__EXERCISE__:
All lines of the records below that contain the word "each" must be listed.

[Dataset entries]
····················

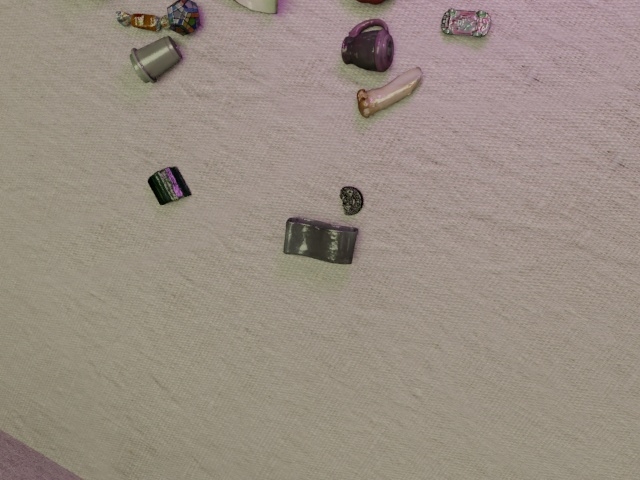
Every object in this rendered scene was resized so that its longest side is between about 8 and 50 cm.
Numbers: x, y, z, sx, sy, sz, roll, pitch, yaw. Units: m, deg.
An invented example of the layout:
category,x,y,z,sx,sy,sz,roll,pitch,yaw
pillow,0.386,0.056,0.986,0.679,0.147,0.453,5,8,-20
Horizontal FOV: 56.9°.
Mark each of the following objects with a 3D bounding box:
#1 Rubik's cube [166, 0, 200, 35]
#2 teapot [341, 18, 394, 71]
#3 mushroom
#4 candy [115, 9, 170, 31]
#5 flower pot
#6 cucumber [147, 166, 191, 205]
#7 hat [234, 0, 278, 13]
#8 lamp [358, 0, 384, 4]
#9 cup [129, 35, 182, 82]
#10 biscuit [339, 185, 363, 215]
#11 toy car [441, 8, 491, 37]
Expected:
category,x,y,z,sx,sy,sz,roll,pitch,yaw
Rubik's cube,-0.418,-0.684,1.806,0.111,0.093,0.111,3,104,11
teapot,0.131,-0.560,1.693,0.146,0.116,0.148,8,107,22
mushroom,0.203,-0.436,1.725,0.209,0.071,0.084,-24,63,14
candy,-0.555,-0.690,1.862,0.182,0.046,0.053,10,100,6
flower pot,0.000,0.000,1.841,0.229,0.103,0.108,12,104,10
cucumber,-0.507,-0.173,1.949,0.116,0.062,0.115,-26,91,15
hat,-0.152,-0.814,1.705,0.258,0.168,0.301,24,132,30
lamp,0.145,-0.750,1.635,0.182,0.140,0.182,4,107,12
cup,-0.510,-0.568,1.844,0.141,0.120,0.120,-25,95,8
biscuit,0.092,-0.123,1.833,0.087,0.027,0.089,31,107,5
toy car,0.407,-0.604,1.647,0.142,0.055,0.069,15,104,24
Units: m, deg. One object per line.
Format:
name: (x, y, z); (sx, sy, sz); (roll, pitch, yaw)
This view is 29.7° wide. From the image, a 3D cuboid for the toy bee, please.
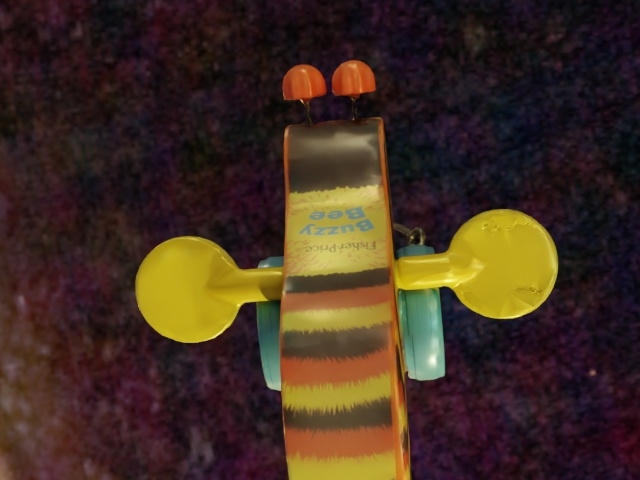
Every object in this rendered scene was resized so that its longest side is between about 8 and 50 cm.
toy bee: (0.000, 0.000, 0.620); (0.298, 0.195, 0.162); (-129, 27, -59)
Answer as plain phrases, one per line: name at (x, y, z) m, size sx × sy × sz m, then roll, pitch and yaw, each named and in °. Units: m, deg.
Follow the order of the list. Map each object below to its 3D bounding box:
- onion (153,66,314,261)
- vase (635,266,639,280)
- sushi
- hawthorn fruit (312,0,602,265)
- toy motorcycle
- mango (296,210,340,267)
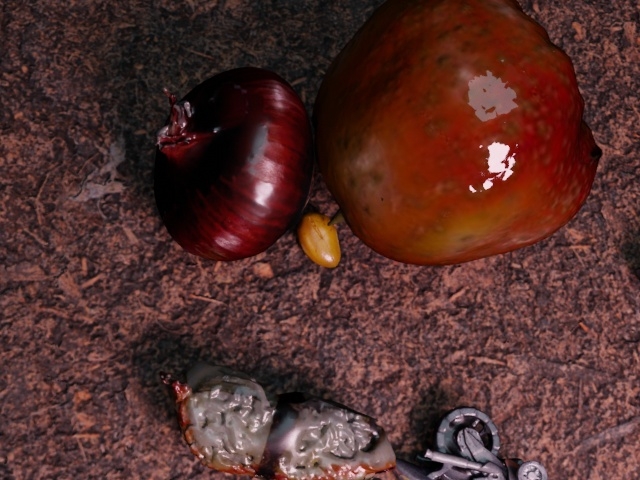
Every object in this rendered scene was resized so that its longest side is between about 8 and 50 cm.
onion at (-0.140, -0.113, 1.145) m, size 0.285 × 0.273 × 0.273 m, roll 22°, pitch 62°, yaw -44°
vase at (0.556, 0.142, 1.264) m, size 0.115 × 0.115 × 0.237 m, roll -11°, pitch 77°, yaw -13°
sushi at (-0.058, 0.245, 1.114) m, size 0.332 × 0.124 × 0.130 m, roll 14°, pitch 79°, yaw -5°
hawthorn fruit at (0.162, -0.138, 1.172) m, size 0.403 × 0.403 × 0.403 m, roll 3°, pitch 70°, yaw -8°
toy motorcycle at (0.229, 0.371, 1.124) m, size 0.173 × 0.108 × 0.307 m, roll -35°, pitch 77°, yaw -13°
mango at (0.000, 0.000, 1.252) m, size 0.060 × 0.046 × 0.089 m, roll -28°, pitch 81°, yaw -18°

····················

__RESULT__:
Mark each of the following objects with a 3D bounding box:
Answer as plain phrases, one per line: name at (x, y, z) m, size sx × sy × sz m, then roll, pitch and yaw, each named and in °. Units: m, deg.
Follow the order of the list. Map each object below to its 3D bounding box:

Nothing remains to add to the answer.